* Your goal *
Gather all lines from the material that contain "object".

* Material for this exercise *

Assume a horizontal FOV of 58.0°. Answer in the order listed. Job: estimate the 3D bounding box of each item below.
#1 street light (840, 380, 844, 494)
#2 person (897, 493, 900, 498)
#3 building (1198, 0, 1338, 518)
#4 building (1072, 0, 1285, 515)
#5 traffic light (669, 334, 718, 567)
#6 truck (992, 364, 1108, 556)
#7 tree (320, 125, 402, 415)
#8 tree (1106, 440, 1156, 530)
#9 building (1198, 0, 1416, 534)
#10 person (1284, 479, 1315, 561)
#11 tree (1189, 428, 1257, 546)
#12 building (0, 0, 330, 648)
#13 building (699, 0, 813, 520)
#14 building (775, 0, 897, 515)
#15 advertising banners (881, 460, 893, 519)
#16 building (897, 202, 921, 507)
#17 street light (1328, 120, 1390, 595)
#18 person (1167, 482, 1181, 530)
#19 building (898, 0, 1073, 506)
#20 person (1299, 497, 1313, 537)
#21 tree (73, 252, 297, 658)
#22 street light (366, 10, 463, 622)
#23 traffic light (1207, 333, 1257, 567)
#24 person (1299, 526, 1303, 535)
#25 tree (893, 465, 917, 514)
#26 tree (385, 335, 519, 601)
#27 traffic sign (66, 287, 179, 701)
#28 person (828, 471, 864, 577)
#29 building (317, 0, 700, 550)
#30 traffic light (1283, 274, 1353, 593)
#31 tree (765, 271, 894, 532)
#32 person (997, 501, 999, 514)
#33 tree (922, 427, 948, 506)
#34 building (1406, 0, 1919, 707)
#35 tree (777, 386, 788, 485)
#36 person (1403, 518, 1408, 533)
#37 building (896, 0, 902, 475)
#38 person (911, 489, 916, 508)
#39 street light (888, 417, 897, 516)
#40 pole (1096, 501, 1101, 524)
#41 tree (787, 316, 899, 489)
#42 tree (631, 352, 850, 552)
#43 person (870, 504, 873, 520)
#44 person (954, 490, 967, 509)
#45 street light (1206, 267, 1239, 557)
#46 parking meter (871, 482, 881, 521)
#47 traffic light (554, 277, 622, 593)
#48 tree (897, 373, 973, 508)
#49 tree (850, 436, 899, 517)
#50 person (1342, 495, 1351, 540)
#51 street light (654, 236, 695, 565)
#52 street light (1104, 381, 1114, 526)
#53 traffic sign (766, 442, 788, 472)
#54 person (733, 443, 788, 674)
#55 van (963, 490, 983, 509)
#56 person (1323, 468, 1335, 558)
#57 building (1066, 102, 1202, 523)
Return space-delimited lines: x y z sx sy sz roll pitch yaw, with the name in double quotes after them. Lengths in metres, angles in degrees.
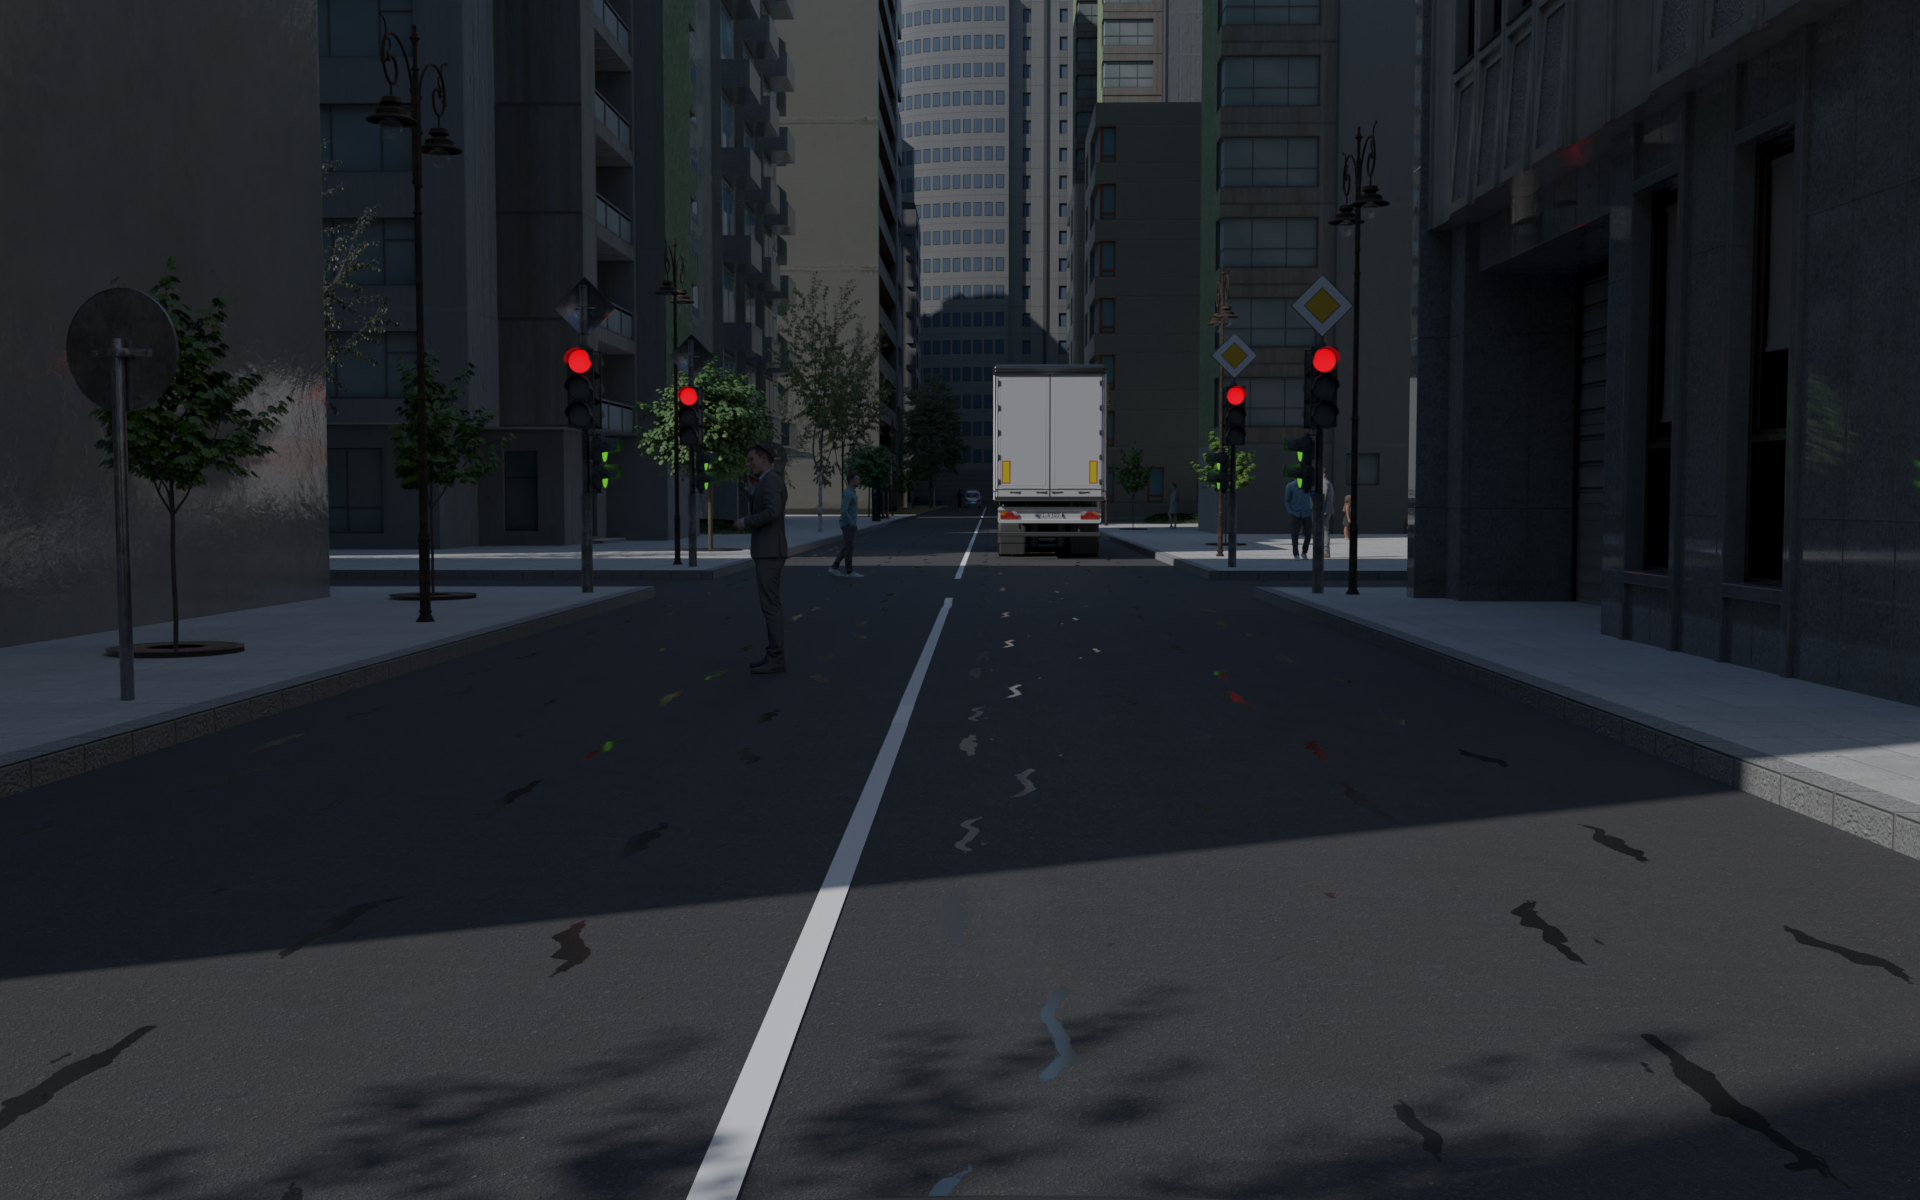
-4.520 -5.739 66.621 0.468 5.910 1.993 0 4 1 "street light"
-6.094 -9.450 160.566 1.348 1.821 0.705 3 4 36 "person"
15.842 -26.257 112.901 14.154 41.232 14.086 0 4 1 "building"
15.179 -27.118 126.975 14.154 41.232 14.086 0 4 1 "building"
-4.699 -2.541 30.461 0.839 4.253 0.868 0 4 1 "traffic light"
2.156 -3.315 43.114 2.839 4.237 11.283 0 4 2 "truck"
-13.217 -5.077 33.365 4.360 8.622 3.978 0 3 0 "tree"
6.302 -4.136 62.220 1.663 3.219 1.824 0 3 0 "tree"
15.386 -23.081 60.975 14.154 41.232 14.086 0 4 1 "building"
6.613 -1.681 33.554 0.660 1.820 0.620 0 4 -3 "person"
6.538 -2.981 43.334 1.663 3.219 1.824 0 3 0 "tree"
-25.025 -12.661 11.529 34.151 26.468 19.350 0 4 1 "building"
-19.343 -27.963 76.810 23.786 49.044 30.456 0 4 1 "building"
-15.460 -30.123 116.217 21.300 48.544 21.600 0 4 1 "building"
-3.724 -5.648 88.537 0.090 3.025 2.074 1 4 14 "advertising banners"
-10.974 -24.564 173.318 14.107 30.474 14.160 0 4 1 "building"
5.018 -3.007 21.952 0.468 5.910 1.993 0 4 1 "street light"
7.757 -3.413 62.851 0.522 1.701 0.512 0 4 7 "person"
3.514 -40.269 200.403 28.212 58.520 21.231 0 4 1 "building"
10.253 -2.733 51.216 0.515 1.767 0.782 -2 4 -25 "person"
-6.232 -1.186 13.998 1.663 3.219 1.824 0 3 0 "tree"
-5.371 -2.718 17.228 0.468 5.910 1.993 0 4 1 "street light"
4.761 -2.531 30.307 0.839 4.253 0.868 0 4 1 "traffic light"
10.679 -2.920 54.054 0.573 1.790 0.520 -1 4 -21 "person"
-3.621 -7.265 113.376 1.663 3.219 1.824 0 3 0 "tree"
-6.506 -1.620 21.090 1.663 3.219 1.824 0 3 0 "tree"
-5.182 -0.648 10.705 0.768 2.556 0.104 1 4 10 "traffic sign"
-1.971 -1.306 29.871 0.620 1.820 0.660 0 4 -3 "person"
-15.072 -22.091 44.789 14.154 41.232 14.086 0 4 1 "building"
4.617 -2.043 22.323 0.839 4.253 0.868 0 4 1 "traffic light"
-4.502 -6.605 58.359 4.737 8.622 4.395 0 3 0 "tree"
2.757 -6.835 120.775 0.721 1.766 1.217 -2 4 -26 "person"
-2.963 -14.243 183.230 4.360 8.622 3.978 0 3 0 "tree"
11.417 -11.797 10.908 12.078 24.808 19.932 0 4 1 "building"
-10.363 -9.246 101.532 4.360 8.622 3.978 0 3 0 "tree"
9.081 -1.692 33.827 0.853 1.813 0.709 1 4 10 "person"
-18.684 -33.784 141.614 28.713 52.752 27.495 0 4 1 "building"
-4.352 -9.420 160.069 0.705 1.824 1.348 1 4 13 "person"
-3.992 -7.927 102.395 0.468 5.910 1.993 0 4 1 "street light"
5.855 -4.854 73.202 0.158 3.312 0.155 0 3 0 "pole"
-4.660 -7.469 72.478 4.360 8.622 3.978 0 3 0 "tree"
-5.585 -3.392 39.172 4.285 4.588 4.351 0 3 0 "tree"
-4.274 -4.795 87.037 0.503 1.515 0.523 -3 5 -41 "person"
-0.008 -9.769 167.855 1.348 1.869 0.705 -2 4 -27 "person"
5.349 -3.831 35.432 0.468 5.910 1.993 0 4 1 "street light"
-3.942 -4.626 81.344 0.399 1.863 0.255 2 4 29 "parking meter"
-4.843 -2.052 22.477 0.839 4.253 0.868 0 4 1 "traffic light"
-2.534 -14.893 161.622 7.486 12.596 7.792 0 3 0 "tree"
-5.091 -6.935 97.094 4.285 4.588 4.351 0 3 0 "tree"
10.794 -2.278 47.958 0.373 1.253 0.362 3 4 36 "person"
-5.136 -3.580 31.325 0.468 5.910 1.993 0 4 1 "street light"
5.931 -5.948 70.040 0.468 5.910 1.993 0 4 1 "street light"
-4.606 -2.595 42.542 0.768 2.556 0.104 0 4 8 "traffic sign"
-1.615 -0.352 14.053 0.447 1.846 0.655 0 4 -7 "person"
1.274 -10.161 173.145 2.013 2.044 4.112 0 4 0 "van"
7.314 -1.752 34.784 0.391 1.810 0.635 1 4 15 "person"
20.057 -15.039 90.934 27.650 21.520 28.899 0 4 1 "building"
* * *
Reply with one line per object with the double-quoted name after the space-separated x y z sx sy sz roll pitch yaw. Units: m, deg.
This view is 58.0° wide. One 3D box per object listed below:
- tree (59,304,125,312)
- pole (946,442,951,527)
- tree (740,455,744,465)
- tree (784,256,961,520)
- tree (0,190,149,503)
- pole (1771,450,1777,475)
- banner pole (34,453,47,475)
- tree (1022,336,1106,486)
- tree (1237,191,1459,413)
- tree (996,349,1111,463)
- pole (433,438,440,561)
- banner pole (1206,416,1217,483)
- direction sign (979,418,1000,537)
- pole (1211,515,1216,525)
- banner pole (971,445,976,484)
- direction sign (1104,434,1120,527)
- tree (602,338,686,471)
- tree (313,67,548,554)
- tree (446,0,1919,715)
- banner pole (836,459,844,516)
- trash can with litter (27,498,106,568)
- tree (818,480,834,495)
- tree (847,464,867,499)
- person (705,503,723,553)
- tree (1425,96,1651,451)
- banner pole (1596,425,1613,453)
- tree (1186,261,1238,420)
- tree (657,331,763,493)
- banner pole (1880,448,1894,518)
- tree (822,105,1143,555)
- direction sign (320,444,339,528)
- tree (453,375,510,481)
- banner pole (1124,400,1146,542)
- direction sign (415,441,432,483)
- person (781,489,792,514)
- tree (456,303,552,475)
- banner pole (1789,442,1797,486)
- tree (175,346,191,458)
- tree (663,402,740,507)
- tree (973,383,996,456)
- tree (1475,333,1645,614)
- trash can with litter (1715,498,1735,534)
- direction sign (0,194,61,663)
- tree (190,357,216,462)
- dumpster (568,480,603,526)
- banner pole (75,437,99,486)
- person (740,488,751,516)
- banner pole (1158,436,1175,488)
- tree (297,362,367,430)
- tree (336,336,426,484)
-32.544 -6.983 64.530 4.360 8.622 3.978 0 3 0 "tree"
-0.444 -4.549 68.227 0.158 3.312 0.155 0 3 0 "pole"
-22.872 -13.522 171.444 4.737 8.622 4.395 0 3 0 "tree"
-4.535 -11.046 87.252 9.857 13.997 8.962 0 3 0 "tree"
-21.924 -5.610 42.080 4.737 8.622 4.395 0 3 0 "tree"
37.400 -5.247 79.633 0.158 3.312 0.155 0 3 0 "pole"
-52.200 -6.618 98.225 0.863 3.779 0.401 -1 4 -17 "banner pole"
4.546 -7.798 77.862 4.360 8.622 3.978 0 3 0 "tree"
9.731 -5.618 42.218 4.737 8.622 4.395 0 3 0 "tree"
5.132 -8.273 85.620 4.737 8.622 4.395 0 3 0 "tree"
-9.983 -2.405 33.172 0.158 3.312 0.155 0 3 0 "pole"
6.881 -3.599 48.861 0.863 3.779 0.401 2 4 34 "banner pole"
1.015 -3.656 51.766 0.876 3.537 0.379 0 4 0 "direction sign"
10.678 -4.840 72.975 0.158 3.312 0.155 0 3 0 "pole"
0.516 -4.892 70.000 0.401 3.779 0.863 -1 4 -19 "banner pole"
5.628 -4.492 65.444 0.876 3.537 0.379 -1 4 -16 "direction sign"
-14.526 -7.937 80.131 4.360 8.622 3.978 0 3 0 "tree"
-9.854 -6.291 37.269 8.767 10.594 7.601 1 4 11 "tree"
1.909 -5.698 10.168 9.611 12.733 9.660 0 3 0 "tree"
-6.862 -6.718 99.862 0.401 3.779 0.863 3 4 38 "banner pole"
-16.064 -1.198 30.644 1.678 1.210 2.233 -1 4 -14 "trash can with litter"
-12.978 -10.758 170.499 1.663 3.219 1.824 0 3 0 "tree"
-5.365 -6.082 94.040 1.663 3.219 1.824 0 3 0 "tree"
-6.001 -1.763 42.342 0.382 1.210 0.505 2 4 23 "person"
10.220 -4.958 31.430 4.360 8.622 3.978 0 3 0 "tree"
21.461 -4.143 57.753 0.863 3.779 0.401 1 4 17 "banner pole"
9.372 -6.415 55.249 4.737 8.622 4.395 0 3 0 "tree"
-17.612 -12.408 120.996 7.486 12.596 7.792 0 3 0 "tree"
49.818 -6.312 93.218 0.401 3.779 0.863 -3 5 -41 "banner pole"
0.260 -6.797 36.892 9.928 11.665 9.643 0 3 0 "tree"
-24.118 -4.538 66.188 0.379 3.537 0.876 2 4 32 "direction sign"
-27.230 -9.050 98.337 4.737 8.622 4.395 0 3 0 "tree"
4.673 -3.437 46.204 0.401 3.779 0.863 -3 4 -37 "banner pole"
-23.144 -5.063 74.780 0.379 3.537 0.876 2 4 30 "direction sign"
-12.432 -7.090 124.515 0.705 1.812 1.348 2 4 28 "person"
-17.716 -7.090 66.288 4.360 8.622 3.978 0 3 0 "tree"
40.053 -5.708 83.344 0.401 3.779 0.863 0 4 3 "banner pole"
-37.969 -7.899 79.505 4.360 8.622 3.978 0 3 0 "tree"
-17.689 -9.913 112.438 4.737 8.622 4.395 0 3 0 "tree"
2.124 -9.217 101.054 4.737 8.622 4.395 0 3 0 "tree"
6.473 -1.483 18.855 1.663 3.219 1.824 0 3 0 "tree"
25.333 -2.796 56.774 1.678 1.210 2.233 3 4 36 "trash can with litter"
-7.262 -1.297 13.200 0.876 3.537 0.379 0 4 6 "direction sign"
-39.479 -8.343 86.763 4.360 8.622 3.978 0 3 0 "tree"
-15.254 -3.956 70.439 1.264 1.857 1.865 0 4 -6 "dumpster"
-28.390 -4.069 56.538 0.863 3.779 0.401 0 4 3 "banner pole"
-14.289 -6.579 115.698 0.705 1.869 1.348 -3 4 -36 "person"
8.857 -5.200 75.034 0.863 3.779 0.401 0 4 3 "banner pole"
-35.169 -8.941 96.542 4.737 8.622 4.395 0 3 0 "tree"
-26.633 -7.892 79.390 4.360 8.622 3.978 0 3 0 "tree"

* Your response *
Reply with one line per object with the double-quoted name after the space-separated x y z sx sy sz roll pitch yaw. Units: m, deg.
This view is 58.0° wide. One 3D box per object listed below:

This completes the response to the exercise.